History

United Kingdom
- Name: Ixion
- Namesake: Ixion
- Owner: Alfred Holt & Co
- Operator: Blue Funnel Line (1892–1902)
- Port of registry: Liverpool (1892–1902)
- Ordered: September 1891
- Builder: Scott & Company
- Cost: £51,690
- Yard number: 304
- Launched: 23 November 1892
- Completed: 29 December 1892
- Acquired: 29 December 1892
- Out of service: September 1902
- Identification: UK official number 102068
- Fate: Transferred to Netherlands 1902

Netherlands
- Name: Ixion
- Namesake: Ixion
- Operator: Nederlandsche Stoomvaart Maatschappij Oceaan (1902–1911)
- Port of registry: Amsterdam (1902–1911)
- Acquired: September 1902
- Out of service: 1 October 1911
- Fate: Burned and sank 1 October 1911

General characteristics
- Type: Cargo ship
- Tonnage: 3,489 GRT
- Length: 108.1 metres (354 ft 8 in)
- Beam: 13 metres (42 ft 8 in)
- Depth: 8.1 metres (26 ft 7 in)
- Installed power: Triple expansion steam engine
- Propulsion: Screw propeller
- Speed: 11 knots
- Crew: 47

= SS Ixion =

SS Ixion was a Dutch cargo ship that caught fire and sank near the coast of the Netherlands East Indies in 1911. Built in 1892 and originally operated by the Blue Funnel Line, she was transferred to the company's Dutch subsidiary, Nederlandsche Stoomvaart Maatschappij Oceaan, in September 1902.

== Construction ==
Ixion was launched on 23 November 1892 and completed the following month at the Scotts & Company shipyard in Greenock, United Kingdom.

The ship was 108.1 m long, with a beam of 13 m and a depth of 8.1 m.
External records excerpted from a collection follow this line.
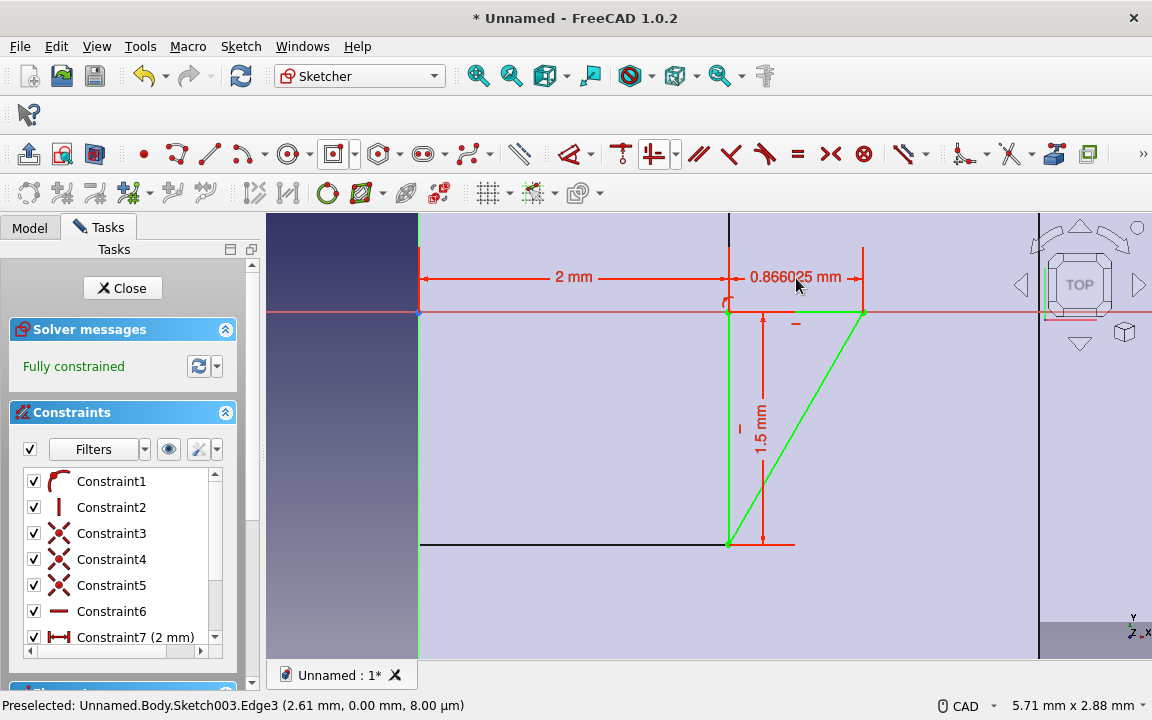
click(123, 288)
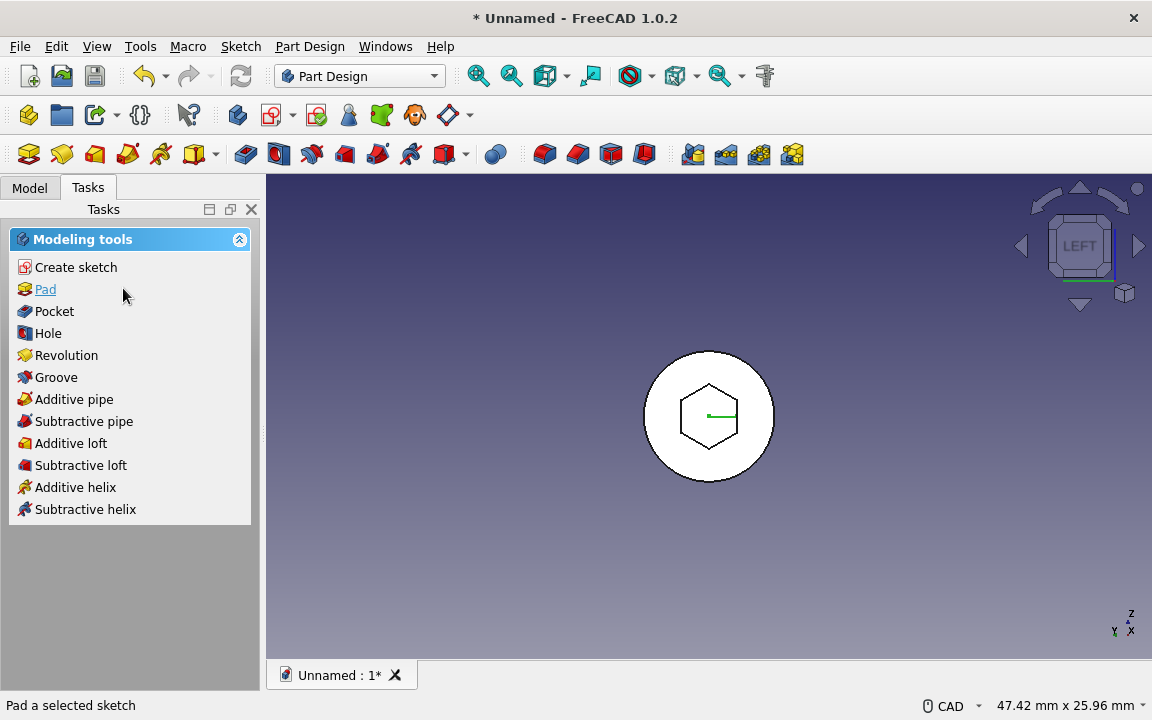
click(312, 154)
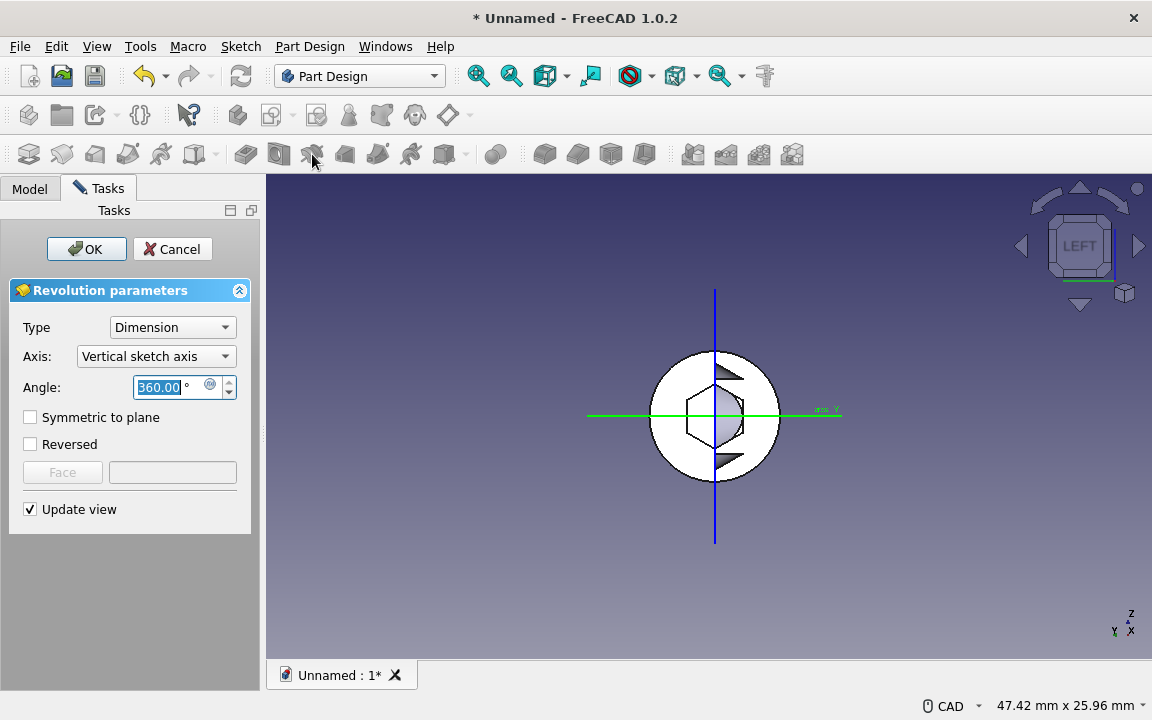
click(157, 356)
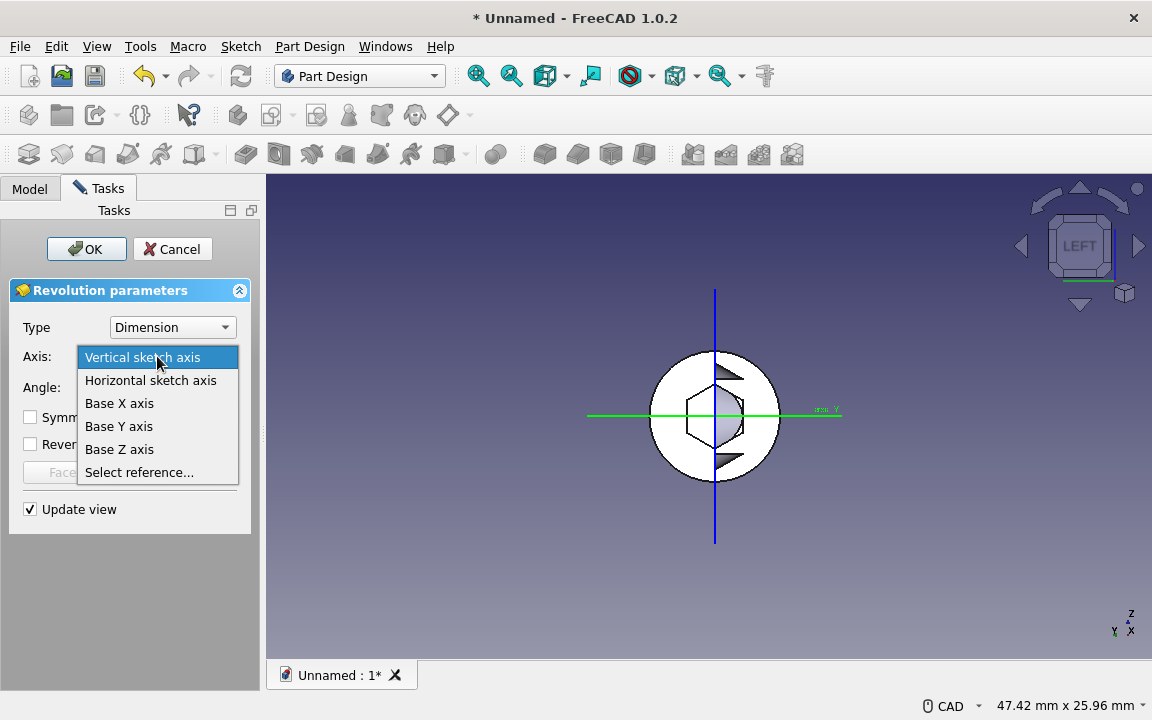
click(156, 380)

The ship was assessed at . She had a triple expansion steam engine driving a single screw propeller. The engine was rated at 2285 indicated horsepower.

== Sinking ==
On 1 October 1911, one of Ixion's coal bunkers caught fire off the coast of the Netherlands East Indies, causing her to sink with the loss of 24 of her 47 crew members. Her 23 survivors were rescued by the British steamer Good Hope. At the time, she was carrying a cargo that included copra and tobacco from Tanjung Priok to Amsterdam. The ship's name was revived when another vessel of the same name was launched only 14 months after her loss.